** DATA TO EXAMINE follows **

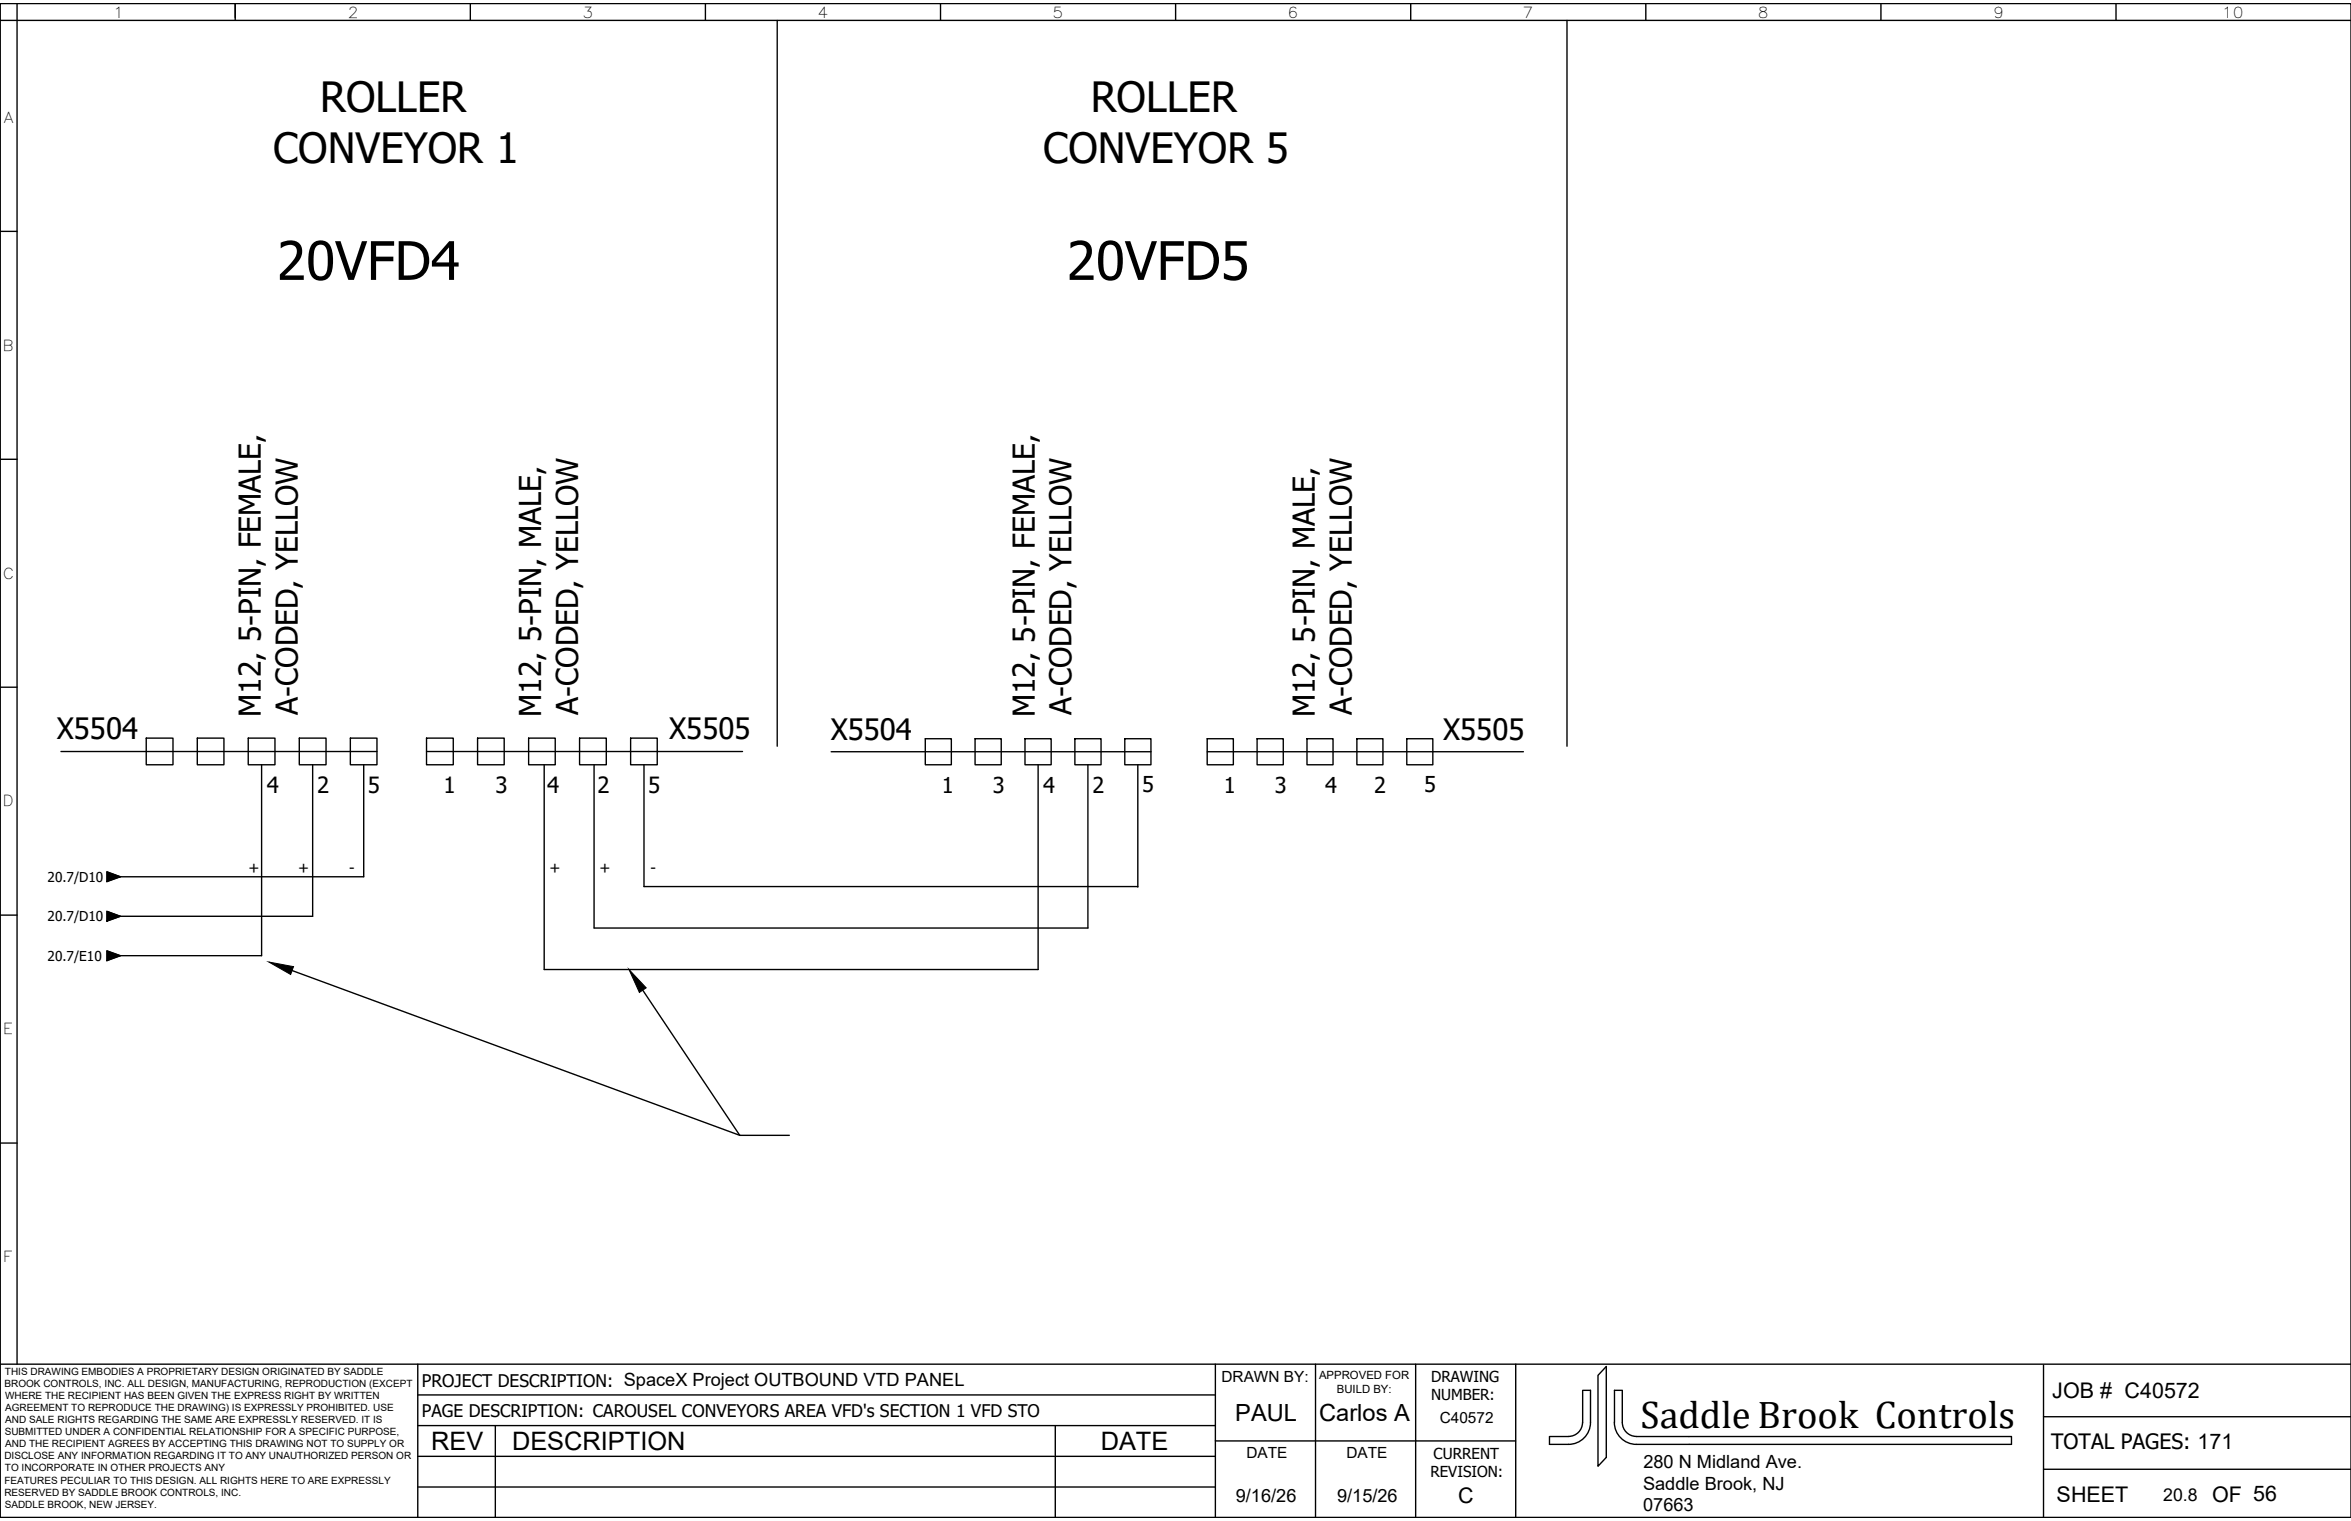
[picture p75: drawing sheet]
<svg xmlns="http://www.w3.org/2000/svg" width="432mm" height="279mm" viewBox="0 0 432 279" stroke-linecap="round" stroke-linejoin="round" font-family="sans-serif">
<defs><g id="words">
<g font-size="9.8">
<text x="50.9" y="51.4">20VFD4</text>
<text x="195.9" y="51.4">20VFD5</text>
</g>
<g font-size="7.7">
<text x="58.8" y="20.6">ROLLER</text>
<text x="200.3" y="20.6">ROLLER</text>
<text x="50.2" y="30">CONVEYOR 1</text>
<text x="191.6" y="30">CONVEYOR 5</text>
</g>
<text font-size="7.1" x="301.3" y="262.4">Saddle Brook Controls</text>
<g font-size="5.5">
<text x="47.9" y="131.7" transform="rotate(-90 47.9 131.7)">M12, 5-PIN, FEMALE,</text>
<text x="54.7" y="131.3" transform="rotate(-90 54.7 131.3)">A-CODED, YELLOW</text>
<text x="99.4" y="131.7" transform="rotate(-90 99.4 131.7)">M12, 5-PIN, MALE,</text>
<text x="106.2" y="131.3" transform="rotate(-90 106.2 131.3)">A-CODED, YELLOW</text>
<text x="190" y="131.8" transform="rotate(-90 190 131.8)">M12, 5-PIN, FEMALE,</text>
<text x="196.8" y="131.4" transform="rotate(-90 196.8 131.4)">A-CODED, YELLOW</text>
<text x="241.5" y="131.8" transform="rotate(-90 241.5 131.8)">M12, 5-PIN, MALE,</text>
<text x="248.3" y="131.4" transform="rotate(-90 248.3 131.4)">A-CODED, YELLOW</text>
</g>
<g font-size="5.4">
<text x="10.4" y="135.8">X5504</text>
<text x="122.9" y="135.8">X5505</text>
<text x="152.6" y="135.9">X5504</text>
<text x="265" y="135.9">X5505</text>
</g>
<g font-size="4.7">
<text x="79.2" y="266.3">REV</text>
<text x="94" y="266.4">DESCRIPTION</text>
<text x="202.2" y="266.3">DATE</text>
</g>
<g font-size="4.3">
<text x="226.9" y="261.1">PAUL</text>
<text x="242.3" y="261.1">Carlos A</text>
</g>
<g font-size="4.1">
<text x="49" y="145.7">4</text>
<text x="58.3" y="145.7">2</text>
<text x="67.6" y="145.7">5</text>
<text x="81.4" y="145.7">1</text>
<text x="91" y="145.7">3</text>
<text x="100.5" y="145.7">4</text>
<text x="109.7" y="145.7">2</text>
<text x="119.1" y="145.7">5</text>
</g>
<g font-size="4">
<text x="173" y="145.6">1</text>
<text x="182.3" y="145.6">3</text>
<text x="191.6" y="145.6">4</text>
<text x="200.6" y="145.6">2</text>
<text x="209.8" y="145.6">5</text>
<text x="224.7" y="145.6">1</text>
<text x="234.1" y="145.6">3</text>
<text x="243.4" y="145.6">4</text>
<text x="252.4" y="145.6">2</text>
<text x="261.6" y="145.6">5</text>
<text x="376.9" y="256.8">JOB # C40572</text>
<text x="377.7" y="275.9">SHEET</text>
<text x="406.3" y="275.9">OF 56</text>
</g>
<g font-size="3.9">
<text x="376.7" y="266.3">TOTAL PAGES: 171</text>
<text x="267.8" y="276.1">C</text>
</g>
<g font-size="3.3">
<text x="301.8" y="269.6">280 N Midland Ave.</text>
<text x="227" y="275.9">9/16/26</text>
<text x="245.6" y="275.9">9/15/26</text>
<text x="301.8" y="273.6">Saddle Brook, NJ</text>
<text x="301.8" y="277.6">07663</text>
</g>
<g font-size="3.2">
<text x="77.5" y="254.8">PROJECT DESCRIPTION: SpaceX Project OUTBOUND VTD PANEL</text>
<text x="77.5" y="260.2">PAGE DESCRIPTION: CAROUSEL CONVEYORS AREA VFD's SECTION 1 VFD STO</text>
<text x="397.3" y="275.7">20.8</text>
</g>
<g font-size="2.8">
<text x="20.8" y="3.2">1</text>
<text x="63.9" y="3.2">2</text>
<text x="107" y="3.2">3</text>
<text x="150.2" y="3.2">4</text>
<text x="193.3" y="3.2">5</text>
<text x="236.5" y="3.2">6</text>
<text x="279.7" y="3.2">7</text>
<text x="322.9" y="3.2">8</text>
<text x="366" y="3.2">9</text>
<text x="408.1" y="3.2">10</text>
<text x=".7" y="22.5">A</text>
<text x=".5" y="64.4">B</text>
<text x=".5" y="106.3">C</text>
<text x=".5" y="148.1">D</text>
<text x="45.6" y="160.4">+</text>
<text x="54.8" y="160.4">+</text>
<text x="64.1" y="160.4">-</text>
<text x="100.9" y="160.4">+</text>
<text x="110.1" y="160.4">+</text>
<text x="119.5" y="160.4">-</text>
<text x=".6" y="190">E</text>
<text x=".6" y="231.9">F</text>
<text x="224.3" y="253.8">DRAWN BY:</text>
<text x="262.8" y="253.9">DRAWING</text>
<text x="262.8" y="257.2">NUMBER:</text>
<text x="264.4" y="261.4">C40572</text>
<text x="228.9" y="267.9">DATE</text>
<text x="247.3" y="267.9">DATE</text>
<text x="263.3" y="267.9">CURRENT</text>
<text x="262.7" y="271.4">REVISION:</text>
</g>
<g font-size="2.5">
<text x="8.7" y="162">20.7/D10</text>
<text x="8.7" y="169.2">20.7/D10</text>
<text x="8.7" y="176.5">20.7/E10</text>
</g>
<g font-size="2.1">
<text x="242.3" y="253.3">APPROVED FOR</text>
<text x="245.5" y="255.8">BUILD BY:</text>
</g>
<g font-size="1.8">
<text x=".8" y="254.8">BROOK CONTROLS, INC. ALL DESIGN, MANUFACTURING, REPRODUCTION (EXCEPT</text>
<text x=".9" y="252.6">THIS DRAWING EMBODIES A PROPRIETARY DESIGN ORIGINATED BY SADDLE</text>
<text x=".9" y="257">WHERE THE RECIPIENT HAS BEEN GIVEN THE EXPRESS RIGHT BY WRITTEN</text>
<text x=".9" y="263.7">SUBMITTED UNDER A CONFIDENTIAL RELATIONSHIP FOR A SPECIFIC PURPOSE,</text>
<text x="1" y="259.2">AGREEMENT TO REPRODUCE THE DRAWING) IS EXPRESSLY PROHIBITED. USE</text>
<text x="1" y="261.4">AND SALE RIGHTS REGARDING THE SAME ARE EXPRESSLY RESERVED. IT IS</text>
<text x=".8" y="268.1">DISCLOSE ANY INFORMATION REGARDING IT TO ANY UNAUTHORIZED PERSON OR</text>
<text x="1" y="265.9">AND THE RECIPIENT AGREES BY ACCEPTING THIS DRAWING NOT TO SUPPLY OR</text>
<text x=".8" y="272.5">FEATURES PECULIAR TO THIS DESIGN. ALL RIGHTS HERE TO ARE EXPRESSLY</text>
<text x=".8" y="274.7">RESERVED BY SADDLE BROOK CONTROLS, INC.</text>
<text x=".9" y="270.3">TO INCORPORATE IN OTHER PROJECTS ANY</text>
<text x=".9" y="276.9">SADDLE BROOK, NEW JERSEY.</text>
</g>
</g></defs>
<!-- layer: 0 -->
<g fill="none" stroke="#000" stroke-width=".25">
<path d="M0 .7h431.8v278.1h-431.8zM0 3.7h431.8M3.1 .7v249.9M43.2 .7v3M86.4 .7v3M129.6 .7v3M142.7 3.7v133.4M172.7 .7v3M215.9 .7v3M259.1 .7v3M287.8 3.7v133.4M302.3 .7v3"/>
<path d="M345.5 .7v3M388.6 .7v3M0 42.5h3.1M0 84.4h3.1M0 126.2h3.1M11.2 138h58M26.9 135.6h4.9v4.9h-4.9zM36.2 135.6h4.9v4.9h-4.9zM45.6 135.6h4.9v4.9h-4.9zM55 135.6h4.9v4.9h-4.9zM64.3 135.6h4.9v4.9h-4.9zM78.3 135.6h4.9v4.9h-4.9z"/>
<path d="M78.3 138h58.1M87.7 135.6h4.9v4.9h-4.9zM97.1 135.6h4.9v4.9h-4.9zM106.4 135.6h5v4.9h-5zM115.8 135.6h4.9v4.9h-4.9zM152.7 138.1h58.7M169.9 135.7h4.8v4.8h-4.8zM179.1 135.7h4.8v4.8h-4.8zM188.3 135.7h4.8v4.8h-4.8zM197.4 135.7h4.8v4.8h-4.8zM206.6 135.7h4.8v4.8h-4.8zM221.7 135.7h4.8v4.8h-4.8z"/>
<path d="M221.7 138.1h58.1M230.9 135.7h4.8v4.8h-4.8zM240.1 135.7h4.7v4.8h-4.7zM249.2 135.7h4.8v4.8h-4.8zM258.4 135.7h4.8v4.8h-4.8zM48 140.5v35.1h-25.9M57.4 140.5v27.8h-35.3M66.8 140.5v20.6h-44.7M99.9 140.5v37.6h90.8v-37.6M109.1 140.5v30h90.7v-30M118.3 140.5v22.4h90.7M209 140.5v22.5"/>
<path d="M0 168.1h3.1M19.6 160.1l2.5 1-2.5 .8zM19.6 167.4l2.5 .9-2.5 .9zM19.6 174.7l2.5 .9-2.5 .9zM53.7 178.3l82.2 30.3M118 181.9l17.9 26.7h9.1M0 210h3.1M0 250.6h431.8M76.7 250.6v28.2M76.7 256.2h146.5M223.2 250.6v28.2M241.6 250.6v28.2"/>
<path d="M260 250.6v28.2M278.4 250.6v28.2M295 251v16.7l-1.5 1.6v-16.7zM375.3 250.8v28M76.7 273.2h146.5M76.7 267.5h146.5M76.7 261.9h146.5M91 261.9v16.9M193.8 261.9v16.9M223.2 264.7h55.2M290.7 261.3a2.57 2.57 0 0 1-2.6 2.6h-3.5M290.7 261.3v-5.9h1.4v5.9a4 4 0 0 1-4 4h-3.5v-1.4"/>
<path d="M296.5 261.3a4 4 0 0 0 4 4h68.9v-1.4h-68.9a2.61 2.61 0 0 1-2.5-2.6v-5.9h-1.5v5.9M375.3 269.9h56.5M375.3 260.2h56.5"/>
</g>
<path d="M19.6 160.1l2.5 1-2.5 .8zM19.6 167.4l2.5 .9-2.5 .9zM19.6 174.7l2.5 .9-2.5 .9zM49.4 176.7l4.5 .9-.5 1.4zM115.5 178.1l3.2 3.4-1.3 .8z" fill="#000" stroke="#000" stroke-width=".18"/>
<use href="#words"/>
</svg>

** End of DATA TO EXAMINE **

**TASK DIRECTIONS:**
Filter the records for the string "EXPRESSLY" and copy every line that holds it.

**ANSWER TO THE PROBLEM:**
<text x="1" y="259.2">AGREEMENT TO REPRODUCE THE DRAWING) IS EXPRESSLY PROHIBITED. USE</text>
<text x="1" y="261.4">AND SALE RIGHTS REGARDING THE SAME ARE EXPRESSLY RESERVED. IT IS</text>
<text x=".8" y="272.5">FEATURES PECULIAR TO THIS DESIGN. ALL RIGHTS HERE TO ARE EXPRESSLY</text>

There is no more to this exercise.